Could you set down exactly the lines of the data below, starting at the one that holds "34. cardboard box [494,169,528,223]" and ending at the one that holds "55. pallet [1483,358,1679,491]", both included, and only those?

--- --- ---

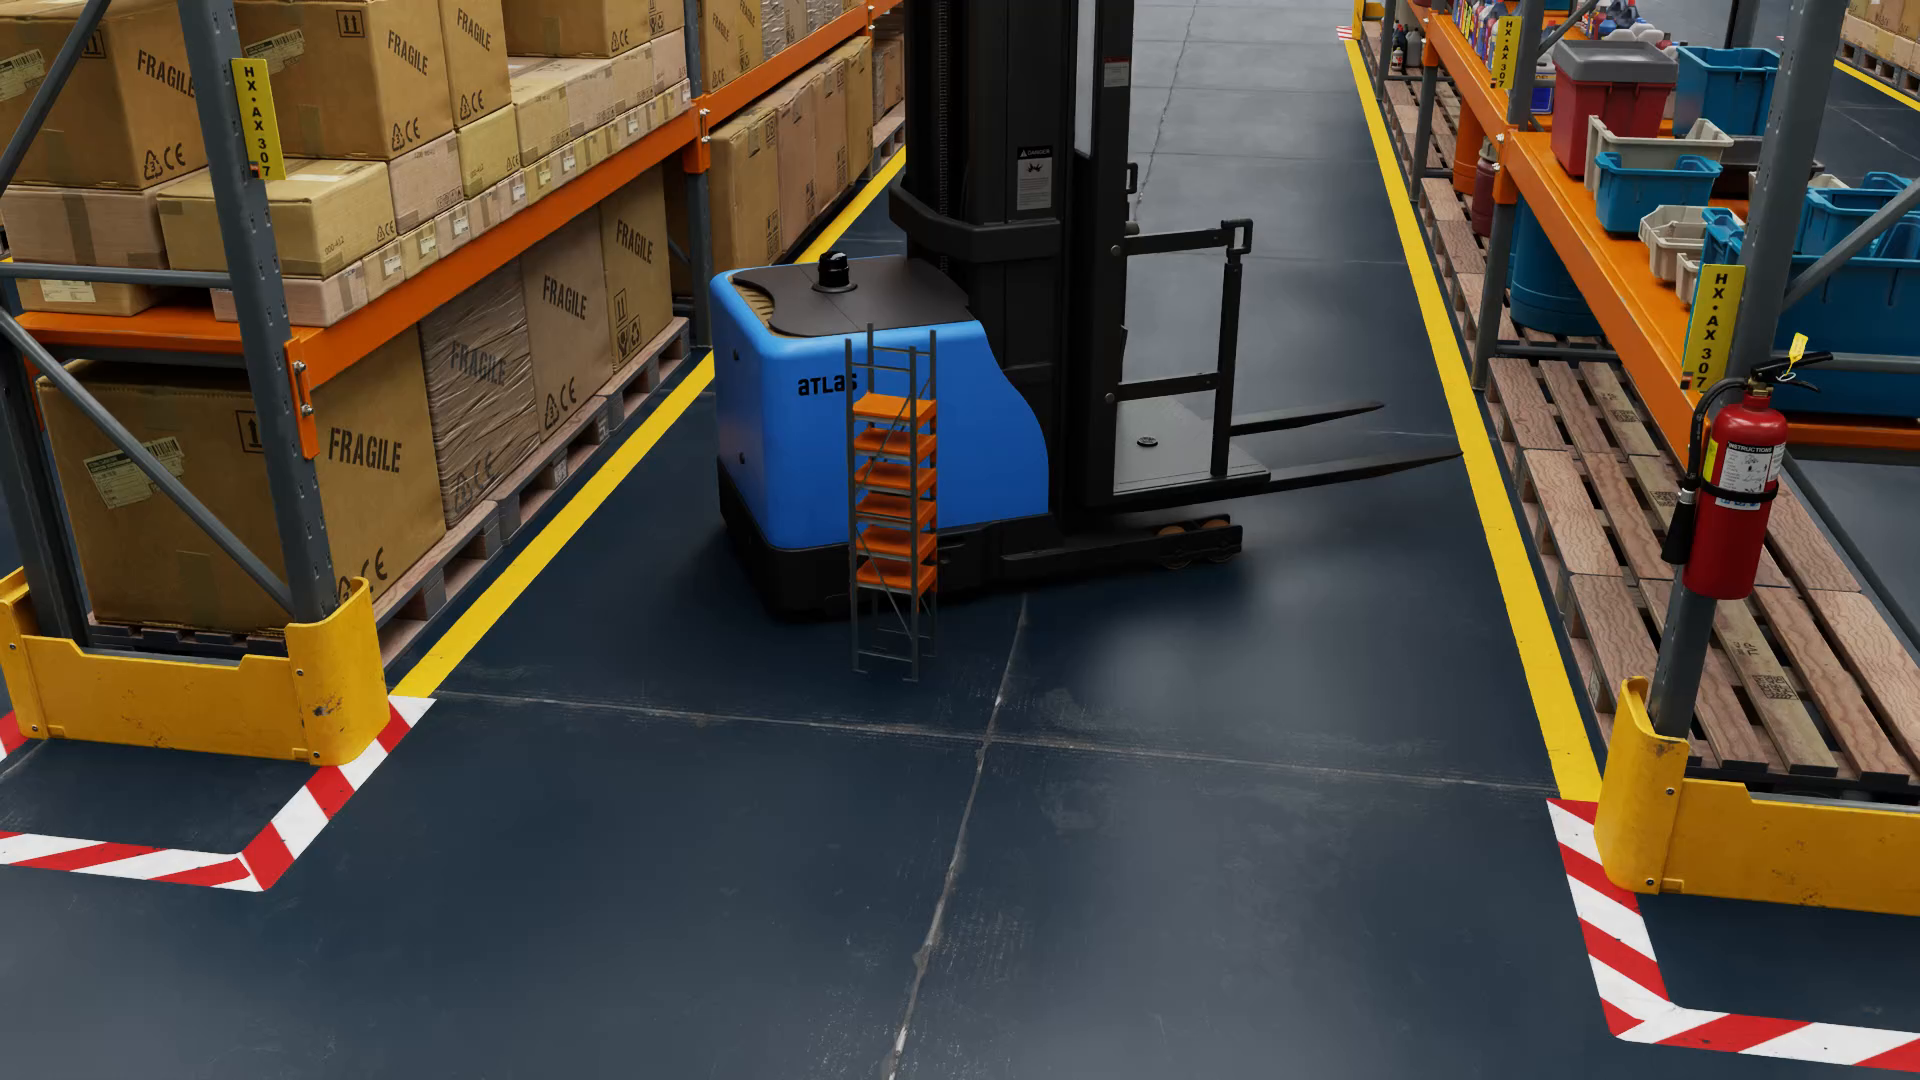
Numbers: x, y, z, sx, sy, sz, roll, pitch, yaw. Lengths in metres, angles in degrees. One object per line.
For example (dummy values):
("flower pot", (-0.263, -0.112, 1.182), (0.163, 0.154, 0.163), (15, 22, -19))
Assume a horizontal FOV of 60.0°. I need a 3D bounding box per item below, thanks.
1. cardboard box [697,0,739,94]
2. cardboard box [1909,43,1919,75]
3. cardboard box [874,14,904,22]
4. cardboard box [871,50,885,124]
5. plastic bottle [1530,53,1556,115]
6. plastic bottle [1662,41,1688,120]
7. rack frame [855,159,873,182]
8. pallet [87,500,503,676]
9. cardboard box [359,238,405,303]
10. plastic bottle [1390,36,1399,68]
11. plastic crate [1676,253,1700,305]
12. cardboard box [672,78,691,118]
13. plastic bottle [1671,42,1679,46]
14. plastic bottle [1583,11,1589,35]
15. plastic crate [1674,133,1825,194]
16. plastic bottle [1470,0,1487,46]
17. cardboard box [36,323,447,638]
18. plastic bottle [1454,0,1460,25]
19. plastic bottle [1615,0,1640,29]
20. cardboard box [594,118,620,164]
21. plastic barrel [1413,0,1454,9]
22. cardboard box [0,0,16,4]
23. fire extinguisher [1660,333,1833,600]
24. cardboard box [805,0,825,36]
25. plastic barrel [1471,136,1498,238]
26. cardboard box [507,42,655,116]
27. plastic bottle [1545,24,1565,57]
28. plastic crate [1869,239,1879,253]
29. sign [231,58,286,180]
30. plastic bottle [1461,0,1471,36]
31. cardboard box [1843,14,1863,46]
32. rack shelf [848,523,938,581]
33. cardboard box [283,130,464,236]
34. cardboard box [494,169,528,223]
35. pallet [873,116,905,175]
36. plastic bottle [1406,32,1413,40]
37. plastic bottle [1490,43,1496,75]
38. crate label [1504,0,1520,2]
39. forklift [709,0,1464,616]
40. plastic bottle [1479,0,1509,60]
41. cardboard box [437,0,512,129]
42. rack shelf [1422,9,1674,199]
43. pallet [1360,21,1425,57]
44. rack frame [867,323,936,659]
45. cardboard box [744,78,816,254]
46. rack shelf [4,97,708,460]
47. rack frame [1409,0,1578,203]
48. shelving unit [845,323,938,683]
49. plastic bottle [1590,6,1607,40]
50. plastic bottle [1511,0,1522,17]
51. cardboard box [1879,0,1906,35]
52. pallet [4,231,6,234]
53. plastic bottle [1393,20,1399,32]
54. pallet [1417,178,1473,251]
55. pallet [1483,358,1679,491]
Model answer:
("cardboard box", (-1.492, -2.657, 8.770), (0.500, 0.500, 0.500), (4, 25, 9))
("cardboard box", (9.218, -4.457, 15.482), (0.500, 0.250, 0.500), (4, 25, 9))
("cardboard box", (-0.628, -4.594, 15.457), (0.700, 0.500, 0.500), (2, 25, 4))
("cardboard box", (-0.992, -3.691, 13.527), (0.700, 0.500, 0.500), (2, 25, 4))
("plastic bottle", (2.818, -2.225, 8.111), (0.152, 0.276, 0.135), (4, 25, 9))
("plastic bottle", (3.457, -2.213, 7.997), (0.144, 0.351, 0.185), (4, 25, 9))
("rack frame", (-1.160, -4.110, 11.992), (1.000, 3.000, 0.127), (4, 25, 9))
("pallet", (-2.414, 0.159, 6.161), (1.003, 0.211, 1.213), (4, 25, 9))
("cardboard box", (-2.043, -0.883, 5.394), (0.380, 0.149, 0.250), (4, 25, 8))
("plastic bottle", (4.133, -4.633, 15.794), (0.061, 0.283, 0.133), (5, 26, 11))
("plastic crate", (2.435, -0.802, 5.166), (0.396, 0.136, 0.243), (4, 25, 9))
("cardboard box", (-1.540, -2.173, 8.150), (0.380, 0.149, 0.250), (4, 25, 9))
("plastic bottle", (3.630, -2.402, 8.495), (0.097, 0.271, 0.097), (0, 25, 0))
("plastic bottle", (3.991, -3.294, 10.482), (0.097, 0.201, 0.097), (0, 25, 0))
("plastic crate", (3.155, -1.509, 6.690), (0.437, 0.125, 0.590), (4, 25, 9))
("plastic bottle", (3.140, -3.117, 10.022), (0.097, 0.271, 0.097), (0, 25, 0))
("cardboard box", (-2.442, -0.265, 5.789), (0.875, 0.875, 0.875), (4, 25, 9))
("plastic bottle", (3.291, -3.503, 10.847), (0.097, 0.271, 0.097), (0, 25, 0))
("plastic bottle", (3.775, -2.871, 9.403), (0.144, 0.351, 0.185), (4, 25, 9))
("cardboard box", (-1.708, -1.742, 7.230), (0.380, 0.149, 0.250), (4, 25, 10))
("plastic barrel", (3.504, -4.043, 11.689), (0.600, 0.536, 0.708), (4, 25, 9))
("cardboard box", (-6.046, -3.357, 10.186), (0.380, 0.149, 0.250), (4, 25, 9))
("fire extinguisher", (1.946, -0.185, 4.138), (0.296, 0.674, 0.183), (4, 25, 9))
("cardboard box", (-1.165, -3.506, 10.584), (0.500, 0.500, 0.500), (3, 25, 7))
("plastic barrel", (3.479, -2.186, 10.232), (0.600, 0.588, 0.708), (4, 25, 9))
("cardboard box", (-1.709, -2.084, 7.490), (0.500, 0.250, 0.500), (5, 26, 10))
("plastic bottle", (3.042, -2.468, 8.543), (0.144, 0.351, 0.185), (4, 25, 9))
("plastic crate", (2.892, -0.728, 4.893), (0.416, 0.233, 0.300), (4, 25, 9))
("sign", (-1.921, -1.151, 4.556), (0.100, 0.325, 0.005), (4, 25, 9))
("plastic bottle", (3.194, -3.309, 10.418), (0.061, 0.283, 0.133), (4, 25, 9))
("cardboard box", (9.535, -5.294, 17.270), (0.500, 0.250, 0.500), (4, 25, 9))
("rack shelf", (-0.225, 0.039, 5.635), (0.258, 0.103, 0.180), (8, 25, 17))
("cardboard box", (-2.044, -1.230, 5.667), (0.500, 0.250, 0.500), (4, 25, 8))
("cardboard box", (-1.876, -1.314, 6.314), (0.380, 0.149, 0.250), (4, 25, 8))
("pallet", (-1.031, -3.173, 13.281), (1.003, 0.211, 1.213), (4, 25, 9))
("plastic bottle", (4.383, -4.775, 16.107), (0.152, 0.276, 0.135), (4, 25, 9))
("plastic bottle", (2.974, -2.661, 9.131), (0.097, 0.201, 0.097), (0, 25, 0))
("crate label", (4.156, -4.179, 12.099), (0.502, 0.435, 0.616), (4, 25, 9))
("forklift", (0.589, -1.415, 6.315), (3.031, 2.935, 1.130), (-8, 26, -17))
("plastic bottle", (3.080, -2.939, 9.549), (0.144, 0.351, 0.185), (4, 25, 9))
("cardboard box", (-1.962, -1.778, 5.953), (0.500, 0.500, 0.500), (3, 25, 7))
("rack shelf", (3.400, -2.604, 9.624), (1.077, 0.370, 4.000), (4, 25, 9))
("pallet", (4.930, -5.475, 18.198), (1.003, 0.211, 1.213), (4, 25, 9))
("rack frame", (-0.194, -0.146, 5.647), (0.240, 1.200, 0.006), (8, 25, 17))
("cardboard box", (-1.583, -2.307, 10.152), (1.225, 0.875, 0.875), (3, 25, 7))
("rack shelf", (-2.140, -1.274, 6.783), (1.077, 0.370, 4.000), (4, 25, 9))
("rack frame", (3.727, -3.766, 11.258), (1.000, 3.000, 0.127), (4, 25, 9))
("shelving unit", (-0.224, -0.111, 5.568), (0.258, 1.200, 0.189), (8, 25, 17))
("plastic bottle", (3.722, -2.970, 9.694), (0.061, 0.283, 0.133), (4, 25, 9))
("plastic bottle", (3.252, -2.985, 9.647), (0.144, 0.351, 0.185), (4, 25, 9))
("cardboard box", (9.365, -5.216, 16.219), (0.500, 0.500, 0.500), (4, 25, 9))
("pallet", (-6.367, -2.397, 11.622), (1.003, 0.211, 1.213), (4, 25, 9))
("plastic bottle", (4.285, -4.944, 16.379), (0.144, 0.351, 0.185), (4, 25, 8))
("pallet", (3.639, -2.171, 11.139), (1.003, 0.211, 1.213), (4, 25, 9))
("pallet", (2.991, -0.520, 7.613), (1.003, 0.211, 1.213), (4, 25, 9))
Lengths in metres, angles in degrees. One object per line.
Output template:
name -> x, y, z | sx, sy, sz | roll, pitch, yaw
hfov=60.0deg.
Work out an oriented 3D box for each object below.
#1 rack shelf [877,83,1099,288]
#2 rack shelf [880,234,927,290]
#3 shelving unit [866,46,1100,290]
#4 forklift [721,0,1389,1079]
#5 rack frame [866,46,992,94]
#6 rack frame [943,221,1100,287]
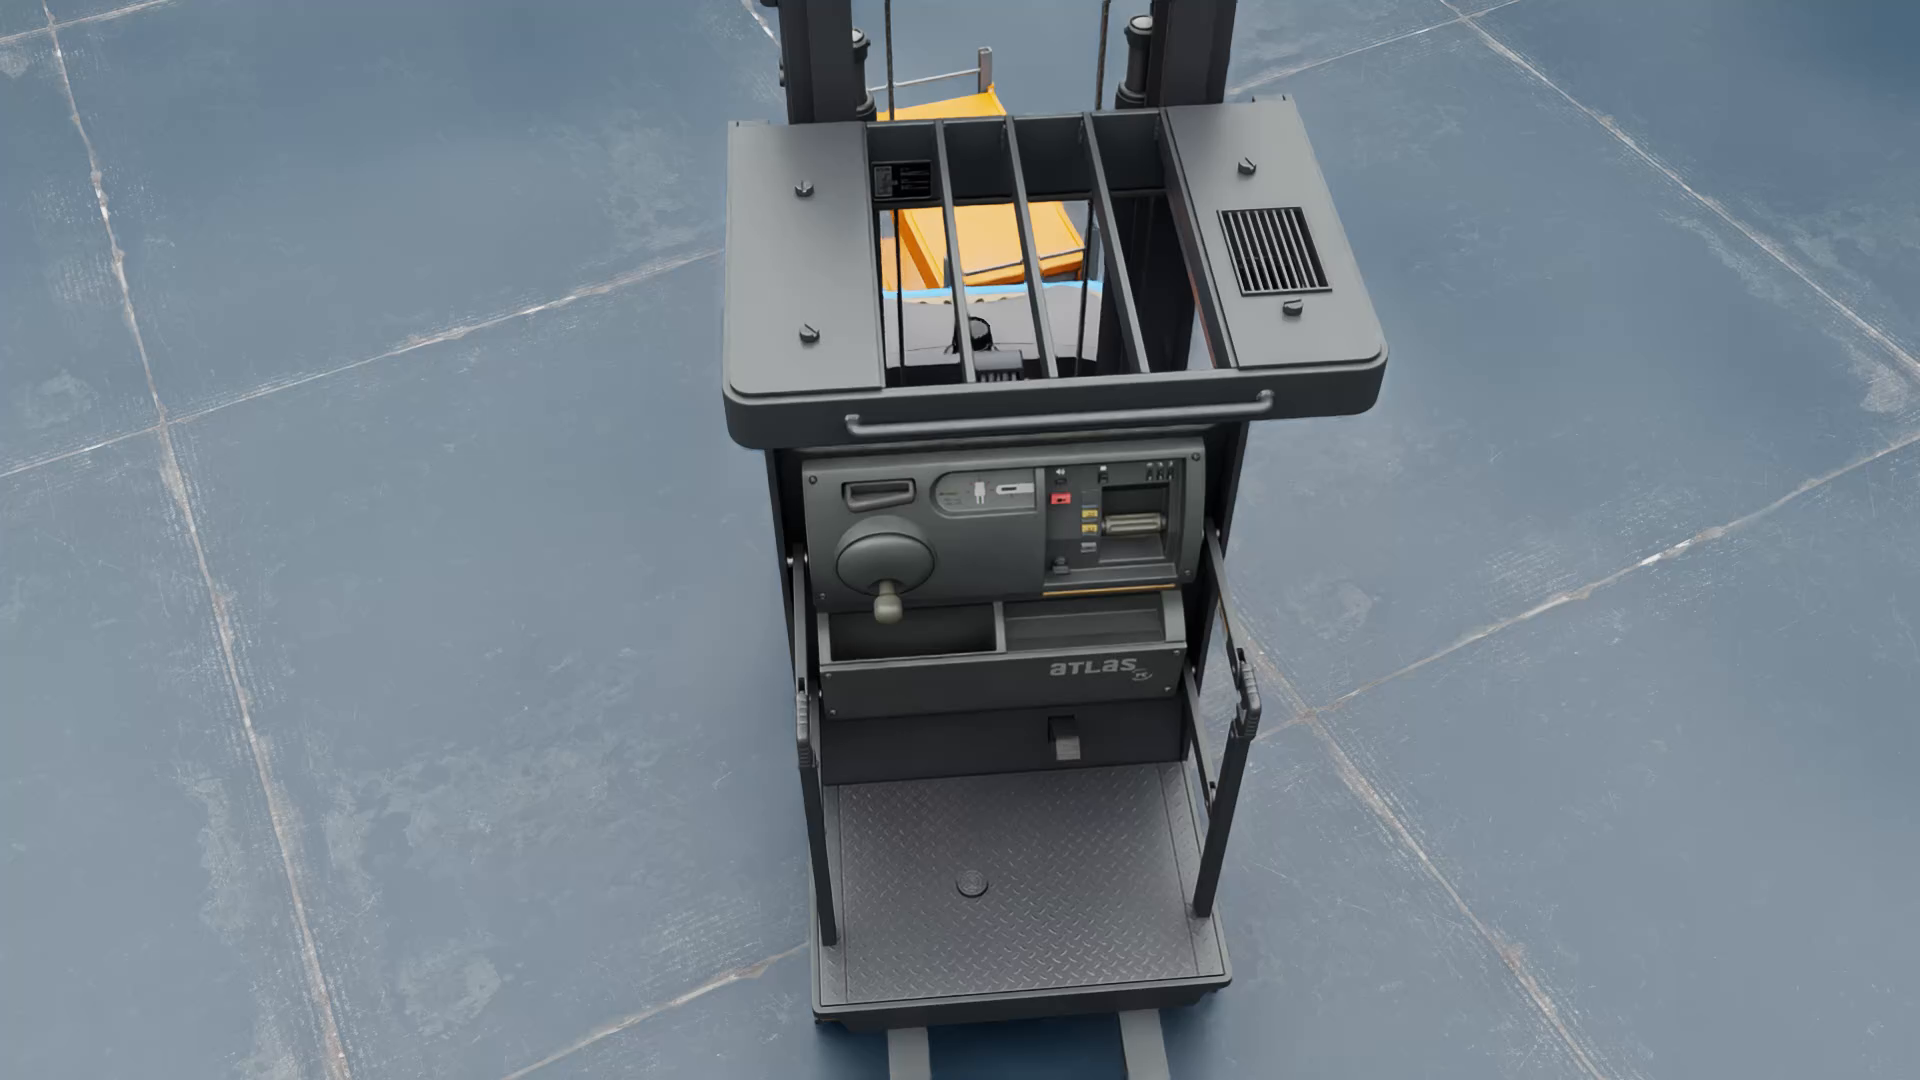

--- --- ---

◆ Written response
34. cardboard box [494,169,528,223]
35. pallet [873,116,905,175]
36. plastic bottle [1406,32,1413,40]
37. plastic bottle [1490,43,1496,75]
38. crate label [1504,0,1520,2]
39. forklift [709,0,1464,616]
40. plastic bottle [1479,0,1509,60]
41. cardboard box [437,0,512,129]
42. rack shelf [1422,9,1674,199]
43. pallet [1360,21,1425,57]
44. rack frame [867,323,936,659]
45. cardboard box [744,78,816,254]
46. rack shelf [4,97,708,460]
47. rack frame [1409,0,1578,203]
48. shelving unit [845,323,938,683]
49. plastic bottle [1590,6,1607,40]
50. plastic bottle [1511,0,1522,17]
51. cardboard box [1879,0,1906,35]
52. pallet [4,231,6,234]
53. plastic bottle [1393,20,1399,32]
54. pallet [1417,178,1473,251]
55. pallet [1483,358,1679,491]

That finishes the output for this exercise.